[Data excerpts]
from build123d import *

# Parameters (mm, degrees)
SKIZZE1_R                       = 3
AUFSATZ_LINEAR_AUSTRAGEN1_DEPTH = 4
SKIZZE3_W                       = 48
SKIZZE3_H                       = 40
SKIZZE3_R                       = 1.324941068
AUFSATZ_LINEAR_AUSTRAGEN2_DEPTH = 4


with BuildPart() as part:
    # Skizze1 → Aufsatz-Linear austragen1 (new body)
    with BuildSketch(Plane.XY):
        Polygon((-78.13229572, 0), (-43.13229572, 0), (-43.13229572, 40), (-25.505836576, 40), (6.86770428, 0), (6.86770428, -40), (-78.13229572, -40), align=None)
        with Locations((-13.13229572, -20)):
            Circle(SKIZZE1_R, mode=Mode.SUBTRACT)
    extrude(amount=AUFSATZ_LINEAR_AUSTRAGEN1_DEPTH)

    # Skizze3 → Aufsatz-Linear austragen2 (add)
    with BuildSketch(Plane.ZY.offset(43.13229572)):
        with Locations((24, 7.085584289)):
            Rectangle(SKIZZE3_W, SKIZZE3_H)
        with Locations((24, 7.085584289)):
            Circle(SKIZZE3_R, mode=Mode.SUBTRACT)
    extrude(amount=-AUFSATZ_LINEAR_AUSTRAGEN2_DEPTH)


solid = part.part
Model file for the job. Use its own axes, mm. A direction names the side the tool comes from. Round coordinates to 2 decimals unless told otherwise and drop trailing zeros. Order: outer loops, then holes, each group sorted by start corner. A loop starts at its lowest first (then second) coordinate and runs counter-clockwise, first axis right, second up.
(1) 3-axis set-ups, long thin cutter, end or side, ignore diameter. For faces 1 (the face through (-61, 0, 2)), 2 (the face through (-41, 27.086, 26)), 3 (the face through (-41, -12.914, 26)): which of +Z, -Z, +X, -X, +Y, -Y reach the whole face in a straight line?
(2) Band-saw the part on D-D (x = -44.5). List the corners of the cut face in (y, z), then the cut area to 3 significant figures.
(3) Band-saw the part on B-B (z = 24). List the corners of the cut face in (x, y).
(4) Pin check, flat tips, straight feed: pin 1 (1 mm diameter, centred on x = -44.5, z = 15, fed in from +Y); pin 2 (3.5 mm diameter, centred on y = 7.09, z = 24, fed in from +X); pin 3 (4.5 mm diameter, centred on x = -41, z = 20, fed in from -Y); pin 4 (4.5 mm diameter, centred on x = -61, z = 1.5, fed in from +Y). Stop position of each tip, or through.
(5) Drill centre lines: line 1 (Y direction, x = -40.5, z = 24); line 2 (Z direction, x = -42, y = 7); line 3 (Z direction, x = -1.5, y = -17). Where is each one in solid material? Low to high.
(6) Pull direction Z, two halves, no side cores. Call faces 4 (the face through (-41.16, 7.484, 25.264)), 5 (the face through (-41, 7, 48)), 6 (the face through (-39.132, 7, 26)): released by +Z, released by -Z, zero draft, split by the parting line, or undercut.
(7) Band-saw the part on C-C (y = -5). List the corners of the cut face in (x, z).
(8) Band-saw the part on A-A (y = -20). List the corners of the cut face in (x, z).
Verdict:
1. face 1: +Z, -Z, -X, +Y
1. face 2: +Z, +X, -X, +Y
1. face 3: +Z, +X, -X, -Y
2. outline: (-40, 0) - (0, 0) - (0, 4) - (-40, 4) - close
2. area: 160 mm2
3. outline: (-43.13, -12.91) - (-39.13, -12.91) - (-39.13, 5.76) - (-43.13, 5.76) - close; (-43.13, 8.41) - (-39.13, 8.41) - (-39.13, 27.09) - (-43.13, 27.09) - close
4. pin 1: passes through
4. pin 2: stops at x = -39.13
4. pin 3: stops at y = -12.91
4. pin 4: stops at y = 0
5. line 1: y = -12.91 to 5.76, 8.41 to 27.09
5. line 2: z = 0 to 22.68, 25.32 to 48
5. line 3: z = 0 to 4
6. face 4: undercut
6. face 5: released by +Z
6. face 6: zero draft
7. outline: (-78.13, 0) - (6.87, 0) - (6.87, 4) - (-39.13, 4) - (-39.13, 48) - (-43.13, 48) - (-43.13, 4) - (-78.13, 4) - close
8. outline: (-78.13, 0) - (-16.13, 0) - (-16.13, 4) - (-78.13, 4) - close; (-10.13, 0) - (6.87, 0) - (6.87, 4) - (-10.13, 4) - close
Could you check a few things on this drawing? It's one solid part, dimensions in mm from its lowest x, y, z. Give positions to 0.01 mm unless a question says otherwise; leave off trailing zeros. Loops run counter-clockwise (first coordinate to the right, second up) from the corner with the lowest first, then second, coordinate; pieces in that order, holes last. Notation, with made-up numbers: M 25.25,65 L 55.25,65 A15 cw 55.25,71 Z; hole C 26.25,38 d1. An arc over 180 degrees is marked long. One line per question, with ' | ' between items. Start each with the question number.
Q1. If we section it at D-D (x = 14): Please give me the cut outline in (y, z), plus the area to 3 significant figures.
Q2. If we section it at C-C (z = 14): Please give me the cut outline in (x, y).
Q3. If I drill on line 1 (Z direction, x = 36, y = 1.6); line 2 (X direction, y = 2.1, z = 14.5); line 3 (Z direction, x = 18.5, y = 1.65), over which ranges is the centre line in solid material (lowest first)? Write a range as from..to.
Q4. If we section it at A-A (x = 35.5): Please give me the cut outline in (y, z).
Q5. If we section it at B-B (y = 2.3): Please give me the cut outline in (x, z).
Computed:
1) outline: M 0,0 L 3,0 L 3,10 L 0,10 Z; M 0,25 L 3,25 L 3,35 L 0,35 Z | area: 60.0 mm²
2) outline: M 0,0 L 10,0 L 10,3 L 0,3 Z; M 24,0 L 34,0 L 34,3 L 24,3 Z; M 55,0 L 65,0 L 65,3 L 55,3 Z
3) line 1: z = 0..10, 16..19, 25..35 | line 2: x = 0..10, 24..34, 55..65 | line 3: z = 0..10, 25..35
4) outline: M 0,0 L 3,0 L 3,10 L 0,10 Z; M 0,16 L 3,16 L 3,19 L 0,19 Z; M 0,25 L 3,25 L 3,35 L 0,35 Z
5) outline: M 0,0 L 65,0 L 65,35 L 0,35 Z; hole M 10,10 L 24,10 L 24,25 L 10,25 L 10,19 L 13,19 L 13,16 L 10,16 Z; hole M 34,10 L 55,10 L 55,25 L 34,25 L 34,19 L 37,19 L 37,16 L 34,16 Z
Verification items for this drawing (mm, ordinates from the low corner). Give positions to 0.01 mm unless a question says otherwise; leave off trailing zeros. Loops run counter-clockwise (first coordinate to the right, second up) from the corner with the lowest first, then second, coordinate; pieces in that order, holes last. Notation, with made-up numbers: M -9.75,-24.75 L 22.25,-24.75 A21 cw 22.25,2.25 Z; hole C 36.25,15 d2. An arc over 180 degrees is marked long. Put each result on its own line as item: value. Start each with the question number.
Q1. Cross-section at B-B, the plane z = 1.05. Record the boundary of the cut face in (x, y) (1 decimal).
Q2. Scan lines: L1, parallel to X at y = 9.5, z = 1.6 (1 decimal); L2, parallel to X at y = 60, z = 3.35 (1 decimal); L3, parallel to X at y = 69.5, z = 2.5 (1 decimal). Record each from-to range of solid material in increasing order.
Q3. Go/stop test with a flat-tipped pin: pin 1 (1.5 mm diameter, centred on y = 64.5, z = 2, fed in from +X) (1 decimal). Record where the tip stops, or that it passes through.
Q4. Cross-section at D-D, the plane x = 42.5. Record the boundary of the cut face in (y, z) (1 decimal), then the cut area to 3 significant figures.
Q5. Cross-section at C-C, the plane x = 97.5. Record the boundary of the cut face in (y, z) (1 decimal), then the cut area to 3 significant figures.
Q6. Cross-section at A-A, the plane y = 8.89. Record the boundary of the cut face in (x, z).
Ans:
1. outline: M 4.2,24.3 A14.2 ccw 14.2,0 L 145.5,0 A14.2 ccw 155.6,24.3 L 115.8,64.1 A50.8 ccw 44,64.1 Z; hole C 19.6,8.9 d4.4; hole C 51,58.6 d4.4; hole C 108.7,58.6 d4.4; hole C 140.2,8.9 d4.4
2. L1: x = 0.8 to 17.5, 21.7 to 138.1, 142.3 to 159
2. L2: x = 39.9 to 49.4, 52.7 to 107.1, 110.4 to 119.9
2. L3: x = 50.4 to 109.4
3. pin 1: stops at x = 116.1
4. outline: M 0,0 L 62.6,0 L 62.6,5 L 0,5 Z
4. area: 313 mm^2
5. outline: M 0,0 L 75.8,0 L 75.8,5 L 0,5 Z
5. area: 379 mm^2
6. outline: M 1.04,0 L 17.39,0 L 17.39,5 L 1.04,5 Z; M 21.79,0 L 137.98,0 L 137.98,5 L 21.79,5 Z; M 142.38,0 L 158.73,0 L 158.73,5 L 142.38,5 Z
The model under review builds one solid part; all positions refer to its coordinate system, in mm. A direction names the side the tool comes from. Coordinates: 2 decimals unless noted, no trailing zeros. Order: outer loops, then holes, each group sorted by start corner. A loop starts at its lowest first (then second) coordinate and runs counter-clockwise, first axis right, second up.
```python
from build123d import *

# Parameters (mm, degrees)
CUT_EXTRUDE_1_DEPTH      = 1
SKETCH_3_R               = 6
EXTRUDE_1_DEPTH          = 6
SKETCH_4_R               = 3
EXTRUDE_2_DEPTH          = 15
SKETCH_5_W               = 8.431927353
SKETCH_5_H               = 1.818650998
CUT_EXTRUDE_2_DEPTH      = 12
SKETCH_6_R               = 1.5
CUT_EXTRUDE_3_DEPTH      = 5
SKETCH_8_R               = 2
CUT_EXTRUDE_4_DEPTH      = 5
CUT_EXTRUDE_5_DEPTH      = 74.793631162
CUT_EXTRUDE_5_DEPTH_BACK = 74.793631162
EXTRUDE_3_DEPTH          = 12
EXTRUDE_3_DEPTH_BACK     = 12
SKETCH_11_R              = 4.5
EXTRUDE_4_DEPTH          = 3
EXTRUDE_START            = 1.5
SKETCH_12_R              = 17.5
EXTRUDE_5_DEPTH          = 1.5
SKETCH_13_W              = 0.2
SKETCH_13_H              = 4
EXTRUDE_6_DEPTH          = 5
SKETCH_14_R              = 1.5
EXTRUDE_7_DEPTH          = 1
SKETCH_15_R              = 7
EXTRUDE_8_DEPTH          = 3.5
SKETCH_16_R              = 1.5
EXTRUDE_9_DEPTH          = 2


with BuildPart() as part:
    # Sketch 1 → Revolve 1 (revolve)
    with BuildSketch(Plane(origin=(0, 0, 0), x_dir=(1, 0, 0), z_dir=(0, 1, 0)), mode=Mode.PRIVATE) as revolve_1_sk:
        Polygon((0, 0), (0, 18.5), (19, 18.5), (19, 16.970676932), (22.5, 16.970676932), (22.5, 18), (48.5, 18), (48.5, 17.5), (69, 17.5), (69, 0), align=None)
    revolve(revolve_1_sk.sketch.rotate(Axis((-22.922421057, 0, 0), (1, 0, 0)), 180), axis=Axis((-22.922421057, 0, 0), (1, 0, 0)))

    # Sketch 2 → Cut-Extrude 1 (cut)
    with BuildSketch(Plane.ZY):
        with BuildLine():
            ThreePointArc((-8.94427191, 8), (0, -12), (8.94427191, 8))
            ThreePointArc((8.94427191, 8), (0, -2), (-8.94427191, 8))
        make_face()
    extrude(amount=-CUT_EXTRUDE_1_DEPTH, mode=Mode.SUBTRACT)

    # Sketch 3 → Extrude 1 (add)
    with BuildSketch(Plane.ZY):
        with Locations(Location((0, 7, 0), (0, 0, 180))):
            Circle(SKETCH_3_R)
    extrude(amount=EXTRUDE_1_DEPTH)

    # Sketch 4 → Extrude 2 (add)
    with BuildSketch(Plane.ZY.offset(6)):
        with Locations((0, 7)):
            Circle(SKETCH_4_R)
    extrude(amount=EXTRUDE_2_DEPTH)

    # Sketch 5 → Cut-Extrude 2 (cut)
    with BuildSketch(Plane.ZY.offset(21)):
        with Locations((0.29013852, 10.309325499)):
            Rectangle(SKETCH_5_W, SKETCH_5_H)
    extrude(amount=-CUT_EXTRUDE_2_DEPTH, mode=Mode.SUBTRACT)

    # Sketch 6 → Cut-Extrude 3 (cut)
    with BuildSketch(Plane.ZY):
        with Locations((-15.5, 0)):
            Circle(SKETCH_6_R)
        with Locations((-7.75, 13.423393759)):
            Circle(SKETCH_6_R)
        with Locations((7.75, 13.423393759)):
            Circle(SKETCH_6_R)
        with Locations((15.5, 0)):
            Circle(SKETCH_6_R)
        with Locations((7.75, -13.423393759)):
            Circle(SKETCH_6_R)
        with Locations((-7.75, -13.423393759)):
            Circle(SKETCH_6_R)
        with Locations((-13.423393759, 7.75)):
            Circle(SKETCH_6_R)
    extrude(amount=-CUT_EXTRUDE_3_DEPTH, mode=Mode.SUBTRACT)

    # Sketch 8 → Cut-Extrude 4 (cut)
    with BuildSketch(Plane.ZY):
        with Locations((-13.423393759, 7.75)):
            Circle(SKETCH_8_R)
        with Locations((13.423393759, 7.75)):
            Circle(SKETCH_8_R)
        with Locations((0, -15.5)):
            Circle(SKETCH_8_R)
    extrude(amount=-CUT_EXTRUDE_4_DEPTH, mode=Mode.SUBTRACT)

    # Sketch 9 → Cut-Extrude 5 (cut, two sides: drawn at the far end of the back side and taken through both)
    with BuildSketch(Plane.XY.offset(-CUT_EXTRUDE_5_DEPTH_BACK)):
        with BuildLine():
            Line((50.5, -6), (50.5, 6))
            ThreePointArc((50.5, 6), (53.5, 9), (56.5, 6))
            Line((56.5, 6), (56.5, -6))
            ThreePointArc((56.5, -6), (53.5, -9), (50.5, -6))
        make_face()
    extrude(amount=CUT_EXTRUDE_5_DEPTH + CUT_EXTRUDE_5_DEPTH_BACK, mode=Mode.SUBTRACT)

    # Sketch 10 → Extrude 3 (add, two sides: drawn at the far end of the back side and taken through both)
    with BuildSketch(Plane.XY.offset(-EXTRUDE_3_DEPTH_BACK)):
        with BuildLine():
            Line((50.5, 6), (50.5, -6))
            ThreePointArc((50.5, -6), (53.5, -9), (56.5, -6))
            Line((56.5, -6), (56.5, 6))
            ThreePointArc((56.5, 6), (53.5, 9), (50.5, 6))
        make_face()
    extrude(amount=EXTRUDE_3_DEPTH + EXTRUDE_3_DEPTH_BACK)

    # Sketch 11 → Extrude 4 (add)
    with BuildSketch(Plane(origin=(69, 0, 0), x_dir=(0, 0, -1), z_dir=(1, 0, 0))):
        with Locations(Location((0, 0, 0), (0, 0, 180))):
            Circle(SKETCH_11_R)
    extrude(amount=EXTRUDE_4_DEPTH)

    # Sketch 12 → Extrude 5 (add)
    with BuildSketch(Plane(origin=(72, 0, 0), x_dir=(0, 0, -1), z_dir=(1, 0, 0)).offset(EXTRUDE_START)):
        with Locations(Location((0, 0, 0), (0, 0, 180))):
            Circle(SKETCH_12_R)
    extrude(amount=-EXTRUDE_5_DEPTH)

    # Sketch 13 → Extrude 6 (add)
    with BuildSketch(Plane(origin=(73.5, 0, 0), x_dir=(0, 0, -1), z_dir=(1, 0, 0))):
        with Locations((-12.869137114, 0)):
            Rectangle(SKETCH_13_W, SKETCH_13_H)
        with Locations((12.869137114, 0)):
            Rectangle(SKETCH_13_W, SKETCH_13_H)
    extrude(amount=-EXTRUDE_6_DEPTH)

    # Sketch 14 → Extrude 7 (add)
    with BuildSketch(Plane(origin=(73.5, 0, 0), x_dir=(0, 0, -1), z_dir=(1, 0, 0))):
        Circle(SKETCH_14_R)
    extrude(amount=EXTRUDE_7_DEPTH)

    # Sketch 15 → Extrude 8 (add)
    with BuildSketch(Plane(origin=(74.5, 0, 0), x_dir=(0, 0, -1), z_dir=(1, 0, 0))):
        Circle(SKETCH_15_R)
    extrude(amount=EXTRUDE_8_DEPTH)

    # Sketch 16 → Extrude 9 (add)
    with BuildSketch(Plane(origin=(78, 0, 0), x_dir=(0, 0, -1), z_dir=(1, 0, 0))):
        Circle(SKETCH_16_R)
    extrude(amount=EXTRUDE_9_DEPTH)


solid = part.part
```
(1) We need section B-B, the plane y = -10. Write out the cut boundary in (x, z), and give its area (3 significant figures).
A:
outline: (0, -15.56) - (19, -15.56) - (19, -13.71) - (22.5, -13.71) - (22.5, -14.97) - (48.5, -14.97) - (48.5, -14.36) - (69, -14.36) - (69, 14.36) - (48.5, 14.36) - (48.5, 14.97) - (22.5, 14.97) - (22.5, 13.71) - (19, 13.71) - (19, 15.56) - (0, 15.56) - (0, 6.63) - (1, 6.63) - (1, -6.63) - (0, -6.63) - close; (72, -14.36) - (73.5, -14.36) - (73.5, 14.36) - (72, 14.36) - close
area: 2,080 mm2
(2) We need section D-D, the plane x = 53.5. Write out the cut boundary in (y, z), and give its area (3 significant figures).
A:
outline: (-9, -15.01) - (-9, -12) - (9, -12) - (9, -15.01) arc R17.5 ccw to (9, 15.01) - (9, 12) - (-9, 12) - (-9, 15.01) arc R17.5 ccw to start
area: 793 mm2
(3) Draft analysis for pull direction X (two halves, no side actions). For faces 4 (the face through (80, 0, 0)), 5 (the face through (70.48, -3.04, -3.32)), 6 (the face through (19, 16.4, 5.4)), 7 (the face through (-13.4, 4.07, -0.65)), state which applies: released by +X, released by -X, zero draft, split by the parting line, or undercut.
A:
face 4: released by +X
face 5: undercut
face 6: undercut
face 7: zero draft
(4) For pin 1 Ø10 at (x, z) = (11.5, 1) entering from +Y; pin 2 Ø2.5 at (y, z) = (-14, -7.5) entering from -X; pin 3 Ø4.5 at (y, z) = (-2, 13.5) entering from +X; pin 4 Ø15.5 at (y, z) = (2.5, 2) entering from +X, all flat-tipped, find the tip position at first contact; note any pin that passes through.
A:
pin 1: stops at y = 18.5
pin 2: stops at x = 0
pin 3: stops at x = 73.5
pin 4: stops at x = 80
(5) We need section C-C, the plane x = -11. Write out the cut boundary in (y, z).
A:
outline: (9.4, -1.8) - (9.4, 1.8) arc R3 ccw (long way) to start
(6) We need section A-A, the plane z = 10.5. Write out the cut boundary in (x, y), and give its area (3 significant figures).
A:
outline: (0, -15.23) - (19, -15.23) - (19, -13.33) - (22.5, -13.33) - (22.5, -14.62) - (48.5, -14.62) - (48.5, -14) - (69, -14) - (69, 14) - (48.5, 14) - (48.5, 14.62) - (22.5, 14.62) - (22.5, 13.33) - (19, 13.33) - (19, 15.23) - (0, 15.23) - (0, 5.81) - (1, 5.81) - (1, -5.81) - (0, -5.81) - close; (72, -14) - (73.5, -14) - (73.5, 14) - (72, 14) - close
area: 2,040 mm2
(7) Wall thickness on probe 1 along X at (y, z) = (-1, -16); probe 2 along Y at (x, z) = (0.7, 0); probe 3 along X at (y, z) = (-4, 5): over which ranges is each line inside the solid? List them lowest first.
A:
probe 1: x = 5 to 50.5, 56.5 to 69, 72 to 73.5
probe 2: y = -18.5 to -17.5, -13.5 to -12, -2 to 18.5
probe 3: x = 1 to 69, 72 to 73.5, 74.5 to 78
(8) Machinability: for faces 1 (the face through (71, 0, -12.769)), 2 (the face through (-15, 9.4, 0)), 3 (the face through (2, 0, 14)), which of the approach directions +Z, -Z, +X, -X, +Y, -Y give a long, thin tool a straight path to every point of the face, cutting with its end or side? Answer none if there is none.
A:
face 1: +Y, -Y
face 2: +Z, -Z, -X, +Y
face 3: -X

→ Task: Copy out each line of the data containing the string "made".

→ Result of the task:
Could you check a few things on this drawing? It's one solid part, dimensions in mm from its lowest x, y, z. Give positions to 0.01 mm unless a question says otherwise; leave off trailing zeros. Loops run counter-clockwise (first coordinate to the right, second up) from the corner with the lowest first, then second, coordinate; pieces in that order, holes last. Notation, with made-up numbers: M 25.25,65 L 55.25,65 A15 cw 55.25,71 Z; hole C 26.25,38 d1. An arc over 180 degrees is marked long. One line per question, with ' | ' between items. Start each with the question number.
Verification items for this drawing (mm, ordinates from the low corner). Give positions to 0.01 mm unless a question says otherwise; leave off trailing zeros. Loops run counter-clockwise (first coordinate to the right, second up) from the corner with the lowest first, then second, coordinate; pieces in that order, holes last. Notation, with made-up numbers: M -9.75,-24.75 L 22.25,-24.75 A21 cw 22.25,2.25 Z; hole C 36.25,15 d2. An arc over 180 degrees is marked long. Put each result on its own line as item: value. Start each with the question number.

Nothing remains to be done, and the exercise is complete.